On endomorphism universality of sparse graph classes

TL;DR

This paper proves that every commutative idempotent monoid can be realized as the endomorphism monoid of a subcubic graph, and explores limitations of such representations within minor-closed classes, with implications for graph classes and monoid representations.

Contribution

It establishes the universality of subcubic graphs for commutative idempotent monoids and explores constraints on representing monoids within minor-closed graph classes.

Findings

Every commutative idempotent monoid is the endomorphism monoid of a subcubic graph.

No class excluding a minor can have all commutative idempotent monoids as endomorphism monoids.

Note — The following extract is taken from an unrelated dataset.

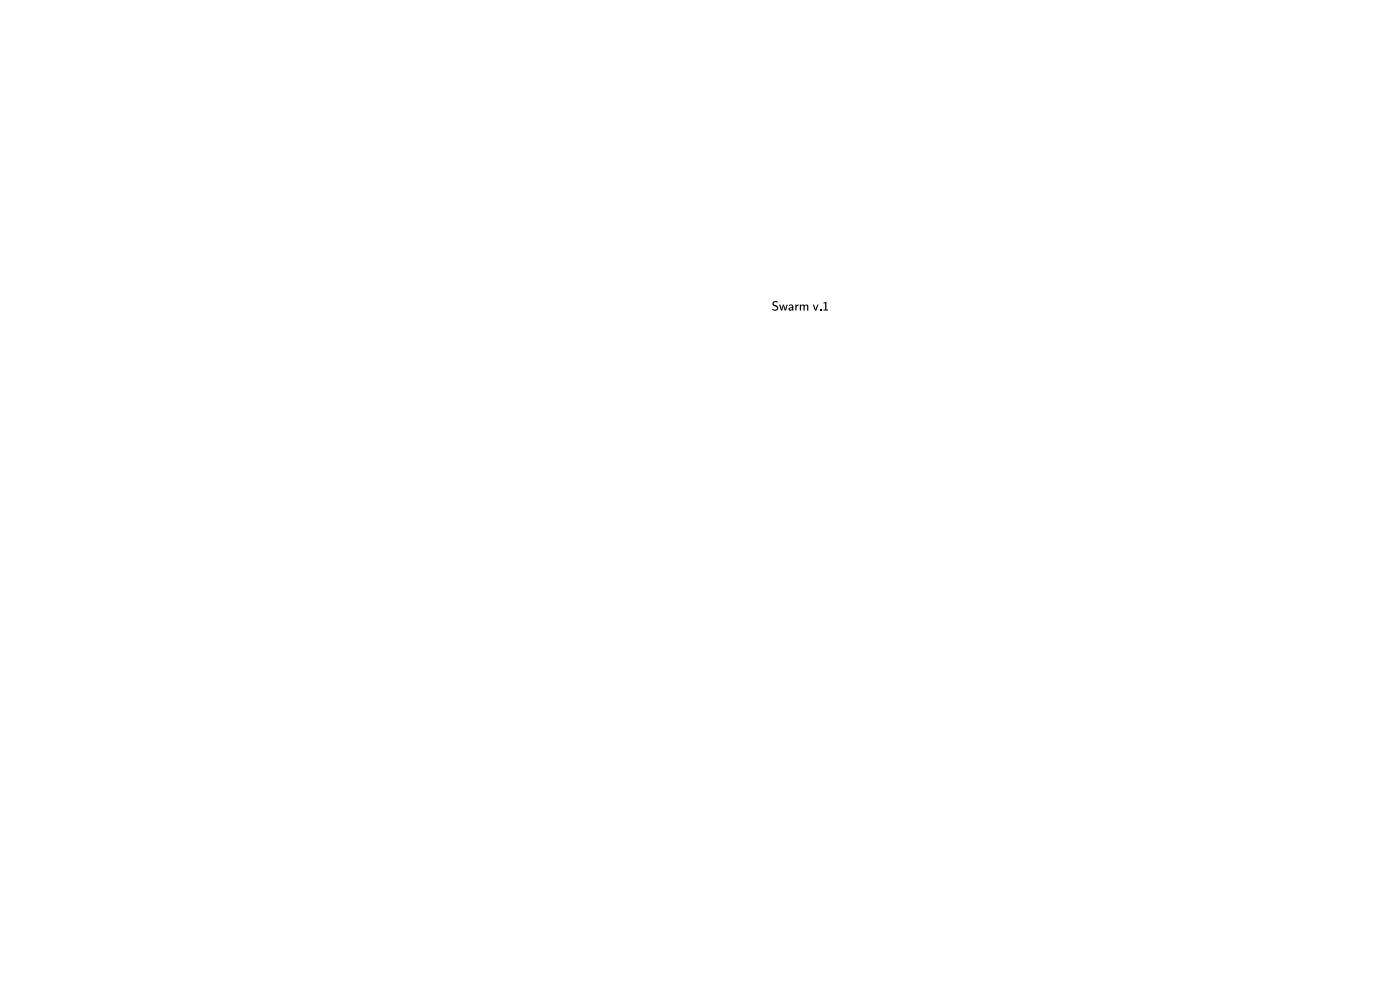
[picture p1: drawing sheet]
<svg xmlns="http://www.w3.org/2000/svg" width="297mm" height="210mm" viewBox="0 0 297 210" stroke-linecap="round" stroke-linejoin="round" font-family="sans-serif">
<path d="M164 64l.8-.1 .2 .1v.3a.4 .4 0 0 0-.6-.3 .4 .4 0 0 0-.2 .6 .67 .67 0 0 1 .9 .5 .67 .67 0 0 1-.5 .8h-.1a.45 .45 0 0 1-.6-.4 .51 .51 0 0 0 .5 .2 .51 .51 0 0 0 .4-.4l-.1-.2a.65 .65 0 0 1-.7-.3 .65 .65 0 0 1 0-.8zM165.3 64.6h.2l.3 1.1 .3-1.1h.2l.3 1.1 .3-1.1h.2l-.3 1.3h-.3l-.3-1.1-.3 1.1h-.2zM167.4 64.7l.5-.1 .3 .2 .1 1.1-.2-.1-.6 .1-.2-.2v-.2l.4 .2 .3-.1v-.3l-.7 .2 .1-.2 .5-.1a.23 .23 0 0 0 .1-.4 .23 .23 0 0 0-.4 0l-.2 .1zM168.7 64.6h.3v.2l.4-.2-.1 .2a.72 .72 0 0 0-.3 1.1h-.3zM169.7 64.6h.2v.2l.5-.2 .3 .2 .3-.2 .3 .1 .2 .2v1h-.3v-.9l-.2-.2-.3 .2v.9h-.3v-.9l-.2-.2-.3 .2v.9h-.2zM172.4 64.6h.3l.3 1.1 .4-1.1h.2l-.4 1.3h-.3zM173.9 65.6h.3v.3h-.3zM174.7 64.2l.6-.2v1.7h.4v.2h-1v-.2h.4v-1.4l-.4 .1z" fill="#000"/>
</svg>

Monoids can be represented by graphs of bounded expansion and bounded degree.

Abstract

We show that every commutative idempotent monoid (a.k.a lattice) is the endomorphism monoid of a subcubic graph. This solves a problem of Babai and Pultr [J. Comb.~Theory, Ser.~B, 1980] and the degree bound is best-possible. On the other hand, we show that no class excluding a minor can have all commutative idempotent monoids among its endomorphism monoids. As a by-product we prove that monoids can be represented by graphs of bounded expansion (reproving a result of Ne\v{s}et\v{r}il and Ossona de Mendez) and $k$-cancellative monoids can be represented by graphs of bounded degree. Finally, we show that not all completely regular monoids can be represented by graphs excluding topological minor (strengthening a result of Babai and Pultr).